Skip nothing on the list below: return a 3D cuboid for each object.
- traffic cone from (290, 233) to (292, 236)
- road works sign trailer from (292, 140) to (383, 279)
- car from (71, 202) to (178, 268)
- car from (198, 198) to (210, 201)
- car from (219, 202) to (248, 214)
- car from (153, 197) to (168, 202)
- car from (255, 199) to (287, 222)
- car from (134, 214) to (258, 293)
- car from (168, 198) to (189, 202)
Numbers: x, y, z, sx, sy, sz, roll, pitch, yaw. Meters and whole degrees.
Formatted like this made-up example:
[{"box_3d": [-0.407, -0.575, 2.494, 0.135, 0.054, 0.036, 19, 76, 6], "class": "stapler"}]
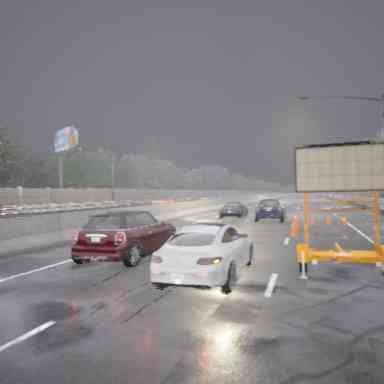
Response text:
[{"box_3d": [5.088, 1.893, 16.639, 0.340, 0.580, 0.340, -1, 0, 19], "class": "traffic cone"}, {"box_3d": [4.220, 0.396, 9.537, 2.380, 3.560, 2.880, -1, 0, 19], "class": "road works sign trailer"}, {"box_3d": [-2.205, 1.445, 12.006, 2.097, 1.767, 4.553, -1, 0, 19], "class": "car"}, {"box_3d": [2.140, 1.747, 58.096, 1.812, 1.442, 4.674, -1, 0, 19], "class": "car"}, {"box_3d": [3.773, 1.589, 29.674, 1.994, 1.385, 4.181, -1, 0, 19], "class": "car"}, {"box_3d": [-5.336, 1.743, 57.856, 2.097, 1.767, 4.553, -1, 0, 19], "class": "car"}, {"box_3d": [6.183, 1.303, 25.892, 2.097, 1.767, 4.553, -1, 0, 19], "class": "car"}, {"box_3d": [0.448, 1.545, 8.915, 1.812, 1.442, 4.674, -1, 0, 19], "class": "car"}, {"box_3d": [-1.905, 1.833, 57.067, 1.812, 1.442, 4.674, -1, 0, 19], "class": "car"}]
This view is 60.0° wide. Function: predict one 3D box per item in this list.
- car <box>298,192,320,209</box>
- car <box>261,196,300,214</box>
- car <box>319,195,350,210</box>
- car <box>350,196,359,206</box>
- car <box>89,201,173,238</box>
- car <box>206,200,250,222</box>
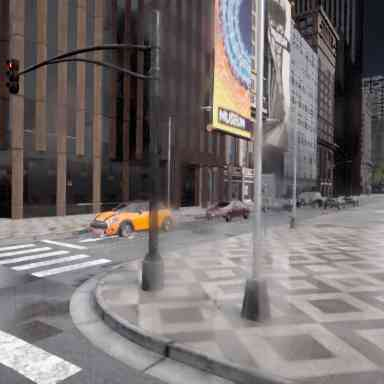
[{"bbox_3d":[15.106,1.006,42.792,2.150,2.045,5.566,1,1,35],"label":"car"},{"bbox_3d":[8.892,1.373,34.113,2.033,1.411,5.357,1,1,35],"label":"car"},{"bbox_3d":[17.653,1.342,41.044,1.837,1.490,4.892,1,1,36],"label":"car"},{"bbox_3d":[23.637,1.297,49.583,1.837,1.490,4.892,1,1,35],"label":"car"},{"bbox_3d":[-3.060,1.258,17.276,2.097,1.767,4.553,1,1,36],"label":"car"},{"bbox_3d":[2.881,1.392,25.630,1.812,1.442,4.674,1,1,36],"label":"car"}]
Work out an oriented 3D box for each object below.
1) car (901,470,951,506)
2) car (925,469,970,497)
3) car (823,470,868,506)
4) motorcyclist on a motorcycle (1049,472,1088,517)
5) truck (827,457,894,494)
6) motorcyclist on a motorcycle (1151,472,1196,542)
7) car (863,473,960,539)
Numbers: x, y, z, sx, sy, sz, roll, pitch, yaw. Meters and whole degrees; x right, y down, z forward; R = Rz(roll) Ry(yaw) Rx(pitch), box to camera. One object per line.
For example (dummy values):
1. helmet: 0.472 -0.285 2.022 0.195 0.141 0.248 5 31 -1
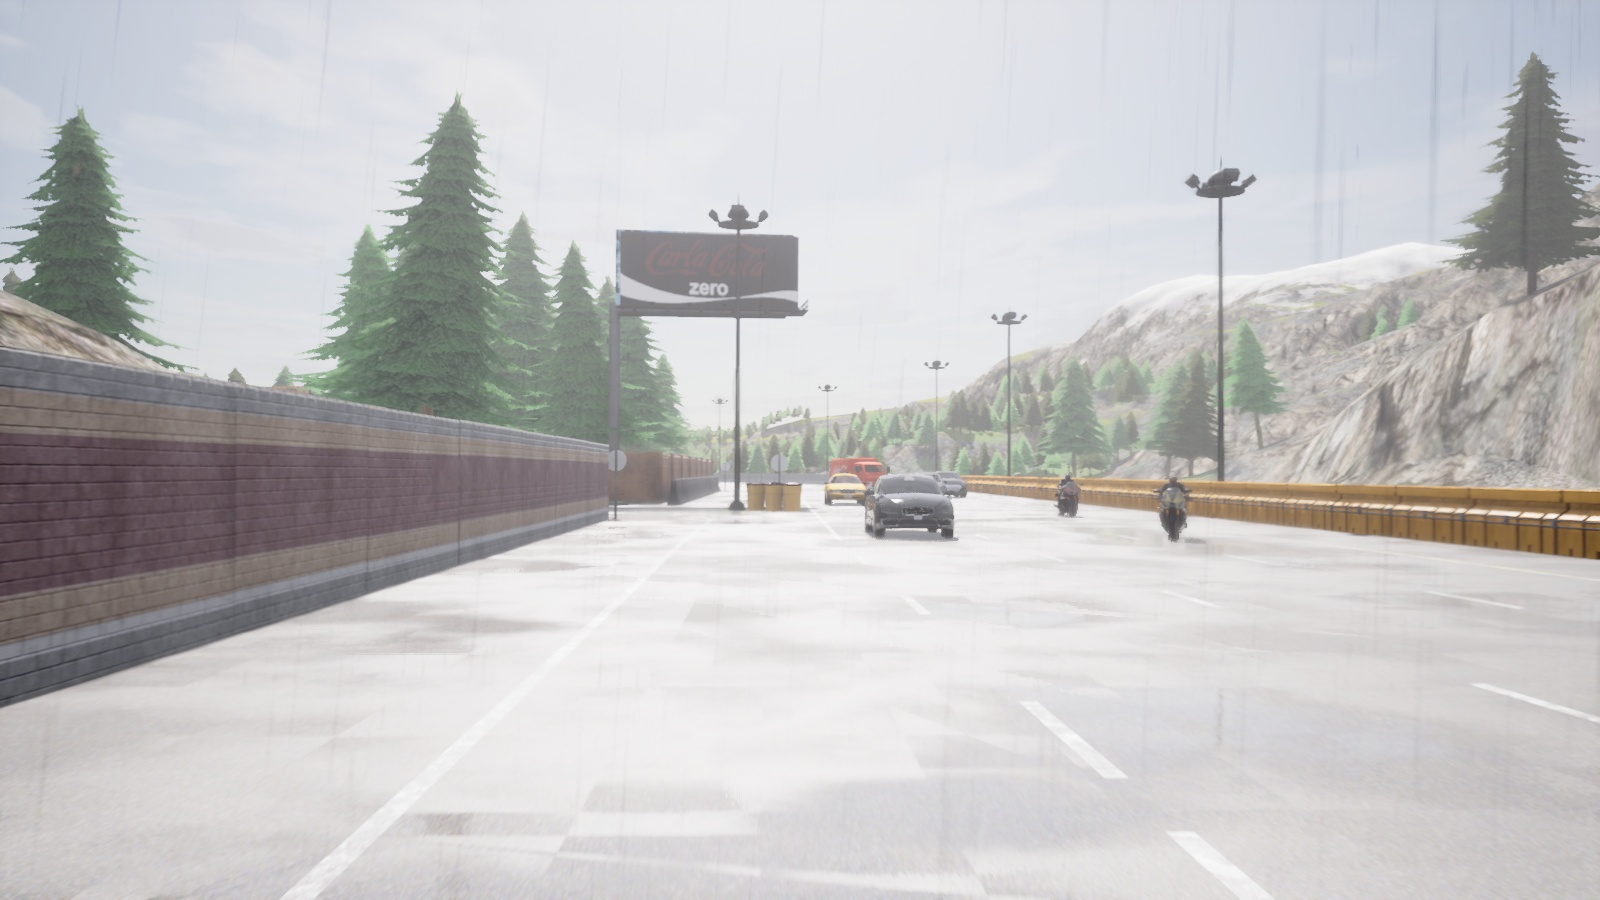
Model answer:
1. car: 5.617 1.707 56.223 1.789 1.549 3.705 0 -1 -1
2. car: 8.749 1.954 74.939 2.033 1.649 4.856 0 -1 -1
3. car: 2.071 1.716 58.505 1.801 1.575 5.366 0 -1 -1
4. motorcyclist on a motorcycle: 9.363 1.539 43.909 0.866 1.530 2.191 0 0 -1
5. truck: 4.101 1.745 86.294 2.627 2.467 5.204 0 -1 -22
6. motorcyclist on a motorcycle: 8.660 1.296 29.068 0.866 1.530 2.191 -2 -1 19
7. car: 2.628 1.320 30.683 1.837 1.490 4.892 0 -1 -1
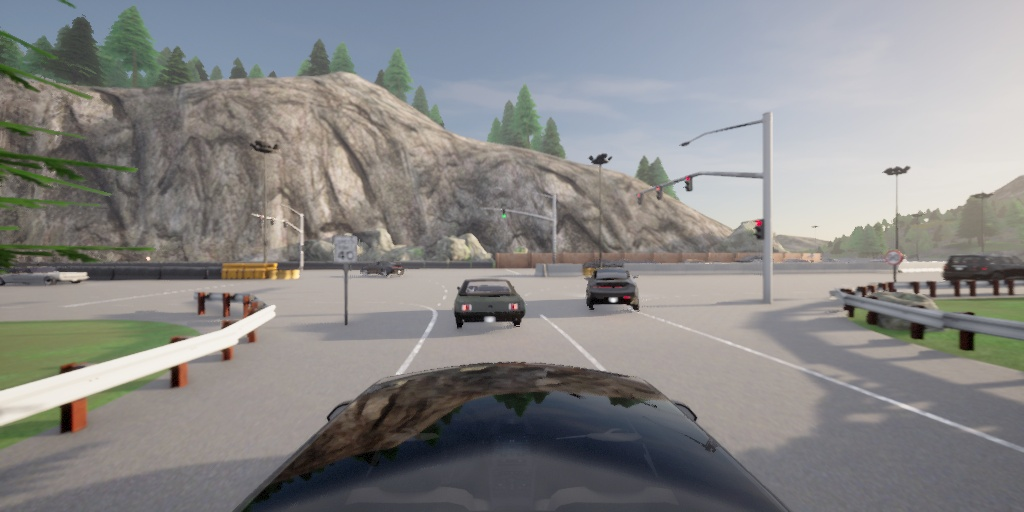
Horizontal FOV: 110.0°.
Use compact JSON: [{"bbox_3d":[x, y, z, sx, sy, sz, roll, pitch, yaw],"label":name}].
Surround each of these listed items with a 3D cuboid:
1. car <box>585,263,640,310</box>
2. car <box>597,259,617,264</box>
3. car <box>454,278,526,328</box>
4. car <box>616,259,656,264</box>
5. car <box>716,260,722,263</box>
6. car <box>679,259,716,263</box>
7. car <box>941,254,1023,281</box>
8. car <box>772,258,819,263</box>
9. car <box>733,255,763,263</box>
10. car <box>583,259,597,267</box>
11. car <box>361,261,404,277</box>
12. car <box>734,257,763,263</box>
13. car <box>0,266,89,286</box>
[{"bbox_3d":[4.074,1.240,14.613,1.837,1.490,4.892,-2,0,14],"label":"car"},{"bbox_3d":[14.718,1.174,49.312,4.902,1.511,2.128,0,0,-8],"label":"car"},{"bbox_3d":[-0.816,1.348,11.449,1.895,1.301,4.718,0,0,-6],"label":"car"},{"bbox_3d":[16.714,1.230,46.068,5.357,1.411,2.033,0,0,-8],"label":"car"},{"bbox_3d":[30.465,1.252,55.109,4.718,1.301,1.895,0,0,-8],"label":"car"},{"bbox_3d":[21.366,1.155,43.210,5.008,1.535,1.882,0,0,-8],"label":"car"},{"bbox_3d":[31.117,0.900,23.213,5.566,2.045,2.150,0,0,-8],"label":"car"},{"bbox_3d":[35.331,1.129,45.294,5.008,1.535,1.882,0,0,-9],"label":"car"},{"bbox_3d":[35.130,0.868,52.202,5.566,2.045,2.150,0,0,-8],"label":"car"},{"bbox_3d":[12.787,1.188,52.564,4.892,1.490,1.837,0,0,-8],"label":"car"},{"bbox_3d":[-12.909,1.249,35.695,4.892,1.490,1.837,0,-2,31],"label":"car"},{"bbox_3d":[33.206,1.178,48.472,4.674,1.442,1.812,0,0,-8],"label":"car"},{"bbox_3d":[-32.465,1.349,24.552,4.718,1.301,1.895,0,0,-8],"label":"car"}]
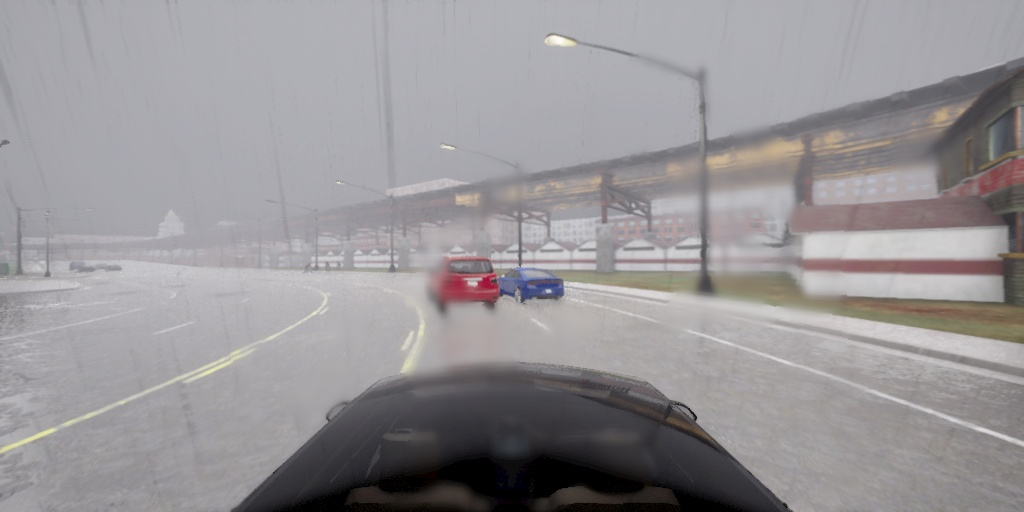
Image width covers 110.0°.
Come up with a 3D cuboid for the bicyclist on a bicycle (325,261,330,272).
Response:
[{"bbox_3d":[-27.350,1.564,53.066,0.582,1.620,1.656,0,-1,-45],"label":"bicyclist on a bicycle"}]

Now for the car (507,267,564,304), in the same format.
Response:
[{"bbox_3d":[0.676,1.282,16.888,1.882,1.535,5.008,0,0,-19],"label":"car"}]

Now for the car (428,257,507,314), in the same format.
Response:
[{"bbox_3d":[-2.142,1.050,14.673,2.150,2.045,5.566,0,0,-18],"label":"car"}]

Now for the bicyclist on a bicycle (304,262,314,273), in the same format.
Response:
────
WORK INSTRUCTION: Output the full set of records above without changing a word, and drop the images.

ANSWER FOR THE TASK:
Skip nothing on the list below: return a 3D cuboid for each object.
- traffic cone from (290, 233) to (292, 236)
- road works sign trailer from (292, 140) to (383, 279)
- car from (71, 202) to (178, 268)
- car from (198, 198) to (210, 201)
- car from (219, 202) to (248, 214)
- car from (153, 197) to (168, 202)
- car from (255, 199) to (287, 222)
- car from (134, 214) to (258, 293)
- car from (168, 198) to (189, 202)
Numbers: x, y, z, sx, sy, sz, roll, pitch, yaw. Meters and whole degrees.
Formatted like this made-up example:
[{"box_3d": [-0.407, -0.575, 2.494, 0.135, 0.054, 0.036, 19, 76, 6], "class": "stapler"}]
Response text:
[{"box_3d": [5.088, 1.893, 16.639, 0.340, 0.580, 0.340, -1, 0, 19], "class": "traffic cone"}, {"box_3d": [4.220, 0.396, 9.537, 2.380, 3.560, 2.880, -1, 0, 19], "class": "road works sign trailer"}, {"box_3d": [-2.205, 1.445, 12.006, 2.097, 1.767, 4.553, -1, 0, 19], "class": "car"}, {"box_3d": [2.140, 1.747, 58.096, 1.812, 1.442, 4.674, -1, 0, 19], "class": "car"}, {"box_3d": [3.773, 1.589, 29.674, 1.994, 1.385, 4.181, -1, 0, 19], "class": "car"}, {"box_3d": [-5.336, 1.743, 57.856, 2.097, 1.767, 4.553, -1, 0, 19], "class": "car"}, {"box_3d": [6.183, 1.303, 25.892, 2.097, 1.767, 4.553, -1, 0, 19], "class": "car"}, {"box_3d": [0.448, 1.545, 8.915, 1.812, 1.442, 4.674, -1, 0, 19], "class": "car"}, {"box_3d": [-1.905, 1.833, 57.067, 1.812, 1.442, 4.674, -1, 0, 19], "class": "car"}]
This view is 60.0° wide. Function: predict one 3D box per item in this list.
- car <box>298,192,320,209</box>
- car <box>261,196,300,214</box>
- car <box>319,195,350,210</box>
- car <box>350,196,359,206</box>
- car <box>89,201,173,238</box>
- car <box>206,200,250,222</box>
[{"bbox_3d":[15.106,1.006,42.792,2.150,2.045,5.566,1,1,35],"label":"car"},{"bbox_3d":[8.892,1.373,34.113,2.033,1.411,5.357,1,1,35],"label":"car"},{"bbox_3d":[17.653,1.342,41.044,1.837,1.490,4.892,1,1,36],"label":"car"},{"bbox_3d":[23.637,1.297,49.583,1.837,1.490,4.892,1,1,35],"label":"car"},{"bbox_3d":[-3.060,1.258,17.276,2.097,1.767,4.553,1,1,36],"label":"car"},{"bbox_3d":[2.881,1.392,25.630,1.812,1.442,4.674,1,1,36],"label":"car"}]
Work out an oriented 3D box for each object below.
1) car (901,470,951,506)
2) car (925,469,970,497)
3) car (823,470,868,506)
4) motorcyclist on a motorcycle (1049,472,1088,517)
5) truck (827,457,894,494)
6) motorcyclist on a motorcycle (1151,472,1196,542)
7) car (863,473,960,539)
Numbers: x, y, z, sx, sy, sz, roll, pitch, yaw. Meters and whole degrees; x right, y down, z forward; R = Rz(roll) Ry(yaw) Rx(pitch), box to camera. One object per line.
For example (dummy values):
1. helmet: 0.472 -0.285 2.022 0.195 0.141 0.248 5 31 -1
Model answer:
1. car: 5.617 1.707 56.223 1.789 1.549 3.705 0 -1 -1
2. car: 8.749 1.954 74.939 2.033 1.649 4.856 0 -1 -1
3. car: 2.071 1.716 58.505 1.801 1.575 5.366 0 -1 -1
4. motorcyclist on a motorcycle: 9.363 1.539 43.909 0.866 1.530 2.191 0 0 -1
5. truck: 4.101 1.745 86.294 2.627 2.467 5.204 0 -1 -22
6. motorcyclist on a motorcycle: 8.660 1.296 29.068 0.866 1.530 2.191 -2 -1 19
7. car: 2.628 1.320 30.683 1.837 1.490 4.892 0 -1 -1
Horizontal FOV: 110.0°.
Use compact JSON: [{"bbox_3d":[x, y, z, sx, sy, sz, roll, pitch, yaw],"label":name}].
Surround each of these listed items with a 3D cuboid:
1. car <box>585,263,640,310</box>
2. car <box>597,259,617,264</box>
3. car <box>454,278,526,328</box>
4. car <box>616,259,656,264</box>
5. car <box>716,260,722,263</box>
6. car <box>679,259,716,263</box>
7. car <box>941,254,1023,281</box>
8. car <box>772,258,819,263</box>
9. car <box>733,255,763,263</box>
10. car <box>583,259,597,267</box>
11. car <box>361,261,404,277</box>
12. car <box>734,257,763,263</box>
13. car <box>0,266,89,286</box>
[{"bbox_3d":[4.074,1.240,14.613,1.837,1.490,4.892,-2,0,14],"label":"car"},{"bbox_3d":[14.718,1.174,49.312,4.902,1.511,2.128,0,0,-8],"label":"car"},{"bbox_3d":[-0.816,1.348,11.449,1.895,1.301,4.718,0,0,-6],"label":"car"},{"bbox_3d":[16.714,1.230,46.068,5.357,1.411,2.033,0,0,-8],"label":"car"},{"bbox_3d":[30.465,1.252,55.109,4.718,1.301,1.895,0,0,-8],"label":"car"},{"bbox_3d":[21.366,1.155,43.210,5.008,1.535,1.882,0,0,-8],"label":"car"},{"bbox_3d":[31.117,0.900,23.213,5.566,2.045,2.150,0,0,-8],"label":"car"},{"bbox_3d":[35.331,1.129,45.294,5.008,1.535,1.882,0,0,-9],"label":"car"},{"bbox_3d":[35.130,0.868,52.202,5.566,2.045,2.150,0,0,-8],"label":"car"},{"bbox_3d":[12.787,1.188,52.564,4.892,1.490,1.837,0,0,-8],"label":"car"},{"bbox_3d":[-12.909,1.249,35.695,4.892,1.490,1.837,0,-2,31],"label":"car"},{"bbox_3d":[33.206,1.178,48.472,4.674,1.442,1.812,0,0,-8],"label":"car"},{"bbox_3d":[-32.465,1.349,24.552,4.718,1.301,1.895,0,0,-8],"label":"car"}]
Image width covers 110.0°.
Come up with a 3D cuboid for the bicyclist on a bicycle (325,261,330,272).
Response:
[{"bbox_3d":[-27.350,1.564,53.066,0.582,1.620,1.656,0,-1,-45],"label":"bicyclist on a bicycle"}]

Now for the car (507,267,564,304), in the same format.
Response:
[{"bbox_3d":[0.676,1.282,16.888,1.882,1.535,5.008,0,0,-19],"label":"car"}]

Now for the car (428,257,507,314), in the same format.
Response:
[{"bbox_3d":[-2.142,1.050,14.673,2.150,2.045,5.566,0,0,-18],"label":"car"}]

Now for the bicyclist on a bicycle (304,262,314,273), in the same format.
Response:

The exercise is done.